The Syrian regime is ready for talks with armed rebels and anyone who favours dialogue, President Bashar al-Assad's foreign minister said in Moscow on Monday, in the first such offer by a top Syrian official.
Foreign Minister Walid al-Muallem was in Moscow for talks with Russian counterpart Sergei Lavrov, whose country is one of the few big powers to still maintain ties with Assad's regime.
Russia has renewed calls for rebels and regime to engage in direct negotiations to end the two-year conflict that has killed tens of thousands of people, warning that pressing for a military victory risked destroying Syria.
"We are ready for dialogue with all who want dialogue, including those who are carrying arms," Muallem said at the talks with Lavrov.
Armed rebels have battled the Assad regime since the start of the opposition's uprising against his rule in March 2011 and now control swathes of Syrian territory.
"We still believe in a peaceful solution to the Syrian problem," said Muallem, pointing to the creation of a government coalition that would negotiate with both the "external and internal opposition."
-- 'The state risks collapsing' --
"There is no acceptable alternative to a political solution achieved through agreeing positions of the government and the opposition," said Lavrov.
Lavrov added that the situation in Syria was "at the crossroads", with different factions pressing for conflict and talks. But he expressed optimism that a negotiated solution could be found.
"There are those who have embarked on a course of further bloodshed that risks the collapse of the state and society," he said.
"But there are also sensible forces who are increasingly aware of the necessity to begin the talks as soon as possible to reach a political settlement.

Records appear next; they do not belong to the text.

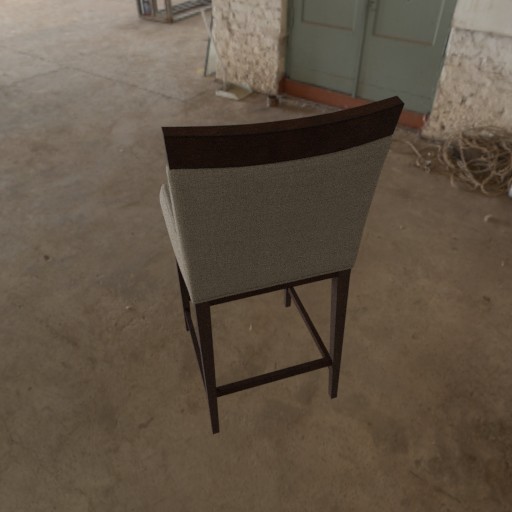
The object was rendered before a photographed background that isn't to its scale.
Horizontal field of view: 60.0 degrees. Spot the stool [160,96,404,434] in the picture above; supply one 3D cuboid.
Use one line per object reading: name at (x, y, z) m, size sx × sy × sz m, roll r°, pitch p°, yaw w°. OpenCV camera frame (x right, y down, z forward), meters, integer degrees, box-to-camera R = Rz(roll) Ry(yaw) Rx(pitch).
stool at (0.000, 0.000, 1.405) m, size 0.511 × 1.117 × 0.531 m, roll -12°, pitch 42°, yaw -13°
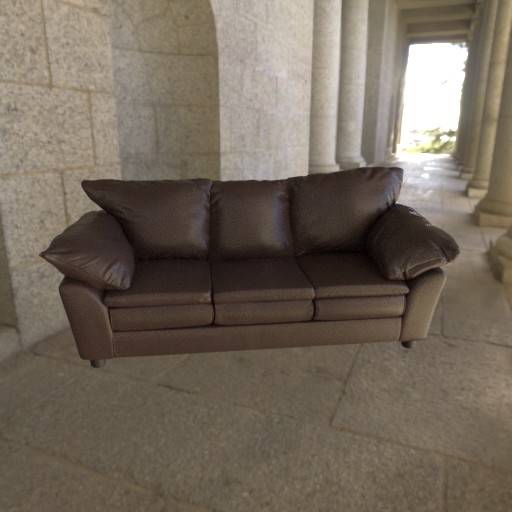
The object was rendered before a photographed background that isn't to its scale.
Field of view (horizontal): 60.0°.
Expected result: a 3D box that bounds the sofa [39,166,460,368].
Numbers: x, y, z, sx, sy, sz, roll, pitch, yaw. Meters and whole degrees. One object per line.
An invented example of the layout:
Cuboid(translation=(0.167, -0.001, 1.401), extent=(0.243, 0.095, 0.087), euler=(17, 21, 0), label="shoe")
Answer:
Cuboid(translation=(0.000, 0.000, 2.903), extent=(2.390, 1.091, 0.907), euler=(-2, 16, -7), label="sofa")
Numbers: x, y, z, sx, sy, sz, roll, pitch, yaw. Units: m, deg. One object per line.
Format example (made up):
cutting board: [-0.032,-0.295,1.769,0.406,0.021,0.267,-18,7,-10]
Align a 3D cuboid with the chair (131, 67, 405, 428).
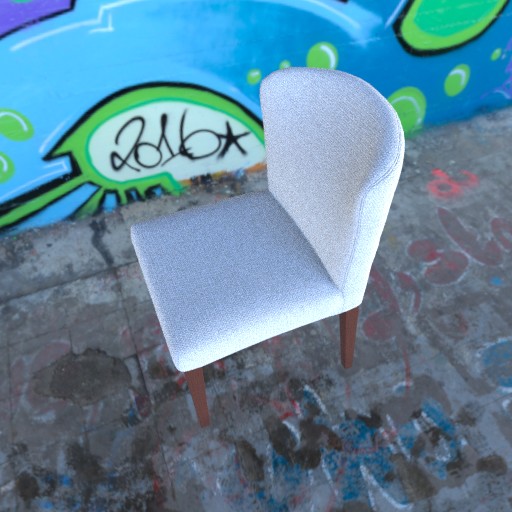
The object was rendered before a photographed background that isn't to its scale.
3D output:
chair: [0.000,0.000,1.199,0.589,0.839,0.491,-18,50,-15]
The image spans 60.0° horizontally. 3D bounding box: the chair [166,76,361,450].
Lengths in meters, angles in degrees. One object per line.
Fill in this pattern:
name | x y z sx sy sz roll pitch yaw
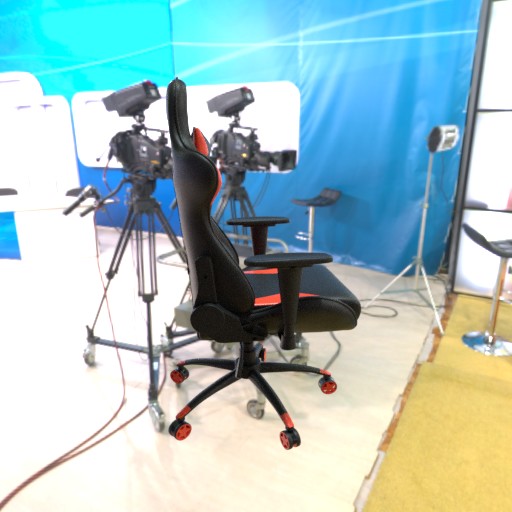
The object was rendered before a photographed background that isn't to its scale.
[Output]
chair | 0.000 0.000 1.722 0.730 1.282 0.695 -3 17 -9
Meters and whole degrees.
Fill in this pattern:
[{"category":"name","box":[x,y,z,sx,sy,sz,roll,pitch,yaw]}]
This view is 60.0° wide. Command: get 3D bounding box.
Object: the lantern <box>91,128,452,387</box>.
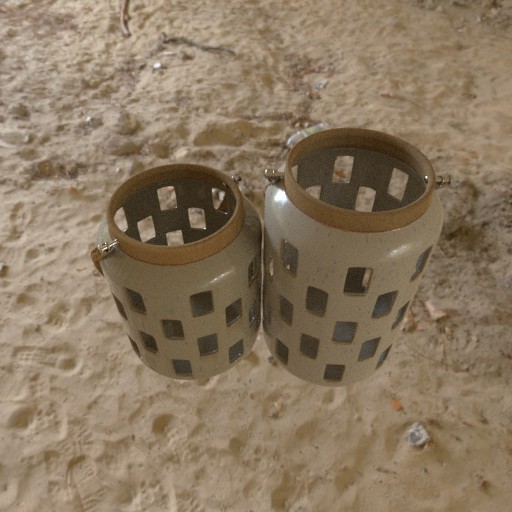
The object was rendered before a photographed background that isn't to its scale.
[{"category":"lantern","box":[0.000,0.000,0.485,0.347,0.255,0.184,2,47,2]}]

"The number of supporters of such a realistic line is growing," said Lavrov.
He warned that there was no point for the sides trying to fight towards a "victorious end" and warned Assad's regime not to give in to what Lavrov termed "provocations".

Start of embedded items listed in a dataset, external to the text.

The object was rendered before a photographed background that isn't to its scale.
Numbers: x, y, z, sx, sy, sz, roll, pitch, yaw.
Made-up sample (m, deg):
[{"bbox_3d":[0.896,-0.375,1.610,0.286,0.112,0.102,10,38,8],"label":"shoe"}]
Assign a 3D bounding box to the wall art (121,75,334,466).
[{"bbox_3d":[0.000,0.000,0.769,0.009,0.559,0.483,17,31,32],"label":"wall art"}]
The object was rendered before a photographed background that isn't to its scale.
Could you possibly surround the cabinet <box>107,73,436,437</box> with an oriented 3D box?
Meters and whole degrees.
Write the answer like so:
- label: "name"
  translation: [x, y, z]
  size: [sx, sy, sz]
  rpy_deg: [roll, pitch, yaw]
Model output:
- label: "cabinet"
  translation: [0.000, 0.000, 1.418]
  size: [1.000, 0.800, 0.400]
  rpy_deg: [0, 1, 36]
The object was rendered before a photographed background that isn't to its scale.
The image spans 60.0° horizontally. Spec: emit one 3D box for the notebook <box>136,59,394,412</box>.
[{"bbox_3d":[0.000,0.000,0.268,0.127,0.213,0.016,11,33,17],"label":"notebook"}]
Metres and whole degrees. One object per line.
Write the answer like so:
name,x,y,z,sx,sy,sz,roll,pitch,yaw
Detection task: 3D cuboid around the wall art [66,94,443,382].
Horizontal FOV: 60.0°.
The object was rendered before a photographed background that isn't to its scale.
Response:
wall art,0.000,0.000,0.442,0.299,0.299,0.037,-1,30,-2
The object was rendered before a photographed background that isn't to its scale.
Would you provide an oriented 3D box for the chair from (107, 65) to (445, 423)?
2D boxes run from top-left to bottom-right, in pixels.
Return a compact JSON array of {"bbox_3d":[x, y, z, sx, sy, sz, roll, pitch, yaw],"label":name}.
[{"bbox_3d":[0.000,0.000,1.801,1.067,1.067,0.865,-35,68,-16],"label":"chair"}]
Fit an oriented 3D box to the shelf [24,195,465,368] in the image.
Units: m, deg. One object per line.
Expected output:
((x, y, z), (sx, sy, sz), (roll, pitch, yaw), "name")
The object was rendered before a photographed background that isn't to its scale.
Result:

Lavrov had said last week there were positive signs from both sides of a new willingness to talk but called on Assad's regime to turn oft-stated words about its readiness for dialogue into deeds.
Russia has also been working on agreeing a trip to Moscow, possibly in early March, by the head of the Syrian opposition National Coalition Ahmed Moaz al-Khatib.
The rebels had pulled out of talks with foreign powers in protest at the international community's inability to halt the bloodshed.
Khatib told reporters in Cairo on Monday that his visit to Russia would be "postponed until we see how things progress".
After Muallem's statement on Monday, the Free Syrian Army's chief of staff Selim Idriss said that before any dialogue could begin, Assad's regime must fall, among other pre-conditions.
"I am not going to sit down with him or with any other member of his clique before all the killing stops, or before the army withdraws from the cities," he told pan-Arab broadcaster Al-Arabiya.
-- 'Russia can play a key role' --
The Moscow talks came a day before Russia’s top diplomat meets new US Secretary of State John Kerry in Berlin for the first time, with the Syria crisis topping the agenda.
Kerry urged the Khatib-led Syrian opposition to withdraw its threat to pull out of an international meeting he will attend in Rome on Thursday.
"I would urge the Syrian opposition to join us as a matter of practicality and of informing us," Kerry told a news conference in London.
"I want our friends in the Syrian opposition council to know that we are not coming to Rome simply to talk. We are coming to Rome to make a decision on next steps," he said.
Khatib said on Saturday it was pulling out of the 11-nation meeting of the Friends of Syria to protest at the "shameful" inaction of the international community over civilian killings.
But Khatib said Monday that the Syrian opposition would consider participating in the meeting after receiving "specific" promises of support from key nations.
"The leaders of the (Syrian National) Coalition will meet today to discuss promises made by several major countries, which have asked us to cancel the boycott and give clear and specific support for the Syrian people," he said.
Throughout the conflict, opposition by Russia and its diplomatic ally China has prevented attempts by the West to pass UN Security Council resolutions sanctioning Assad's regime.
The UN human rights chief on Monday criticised the Security Council's failure to take action.
"The Security Council has so far failed with regard to Syria," Navi Pillay told ministers at the start of a regular UN Human Rights Council session in Geneva.
The diplomatic activity came as there appeared to be no let-up in the fighting which according to the United Nations has claimed 70,000 lives since the conflict began in March 2011.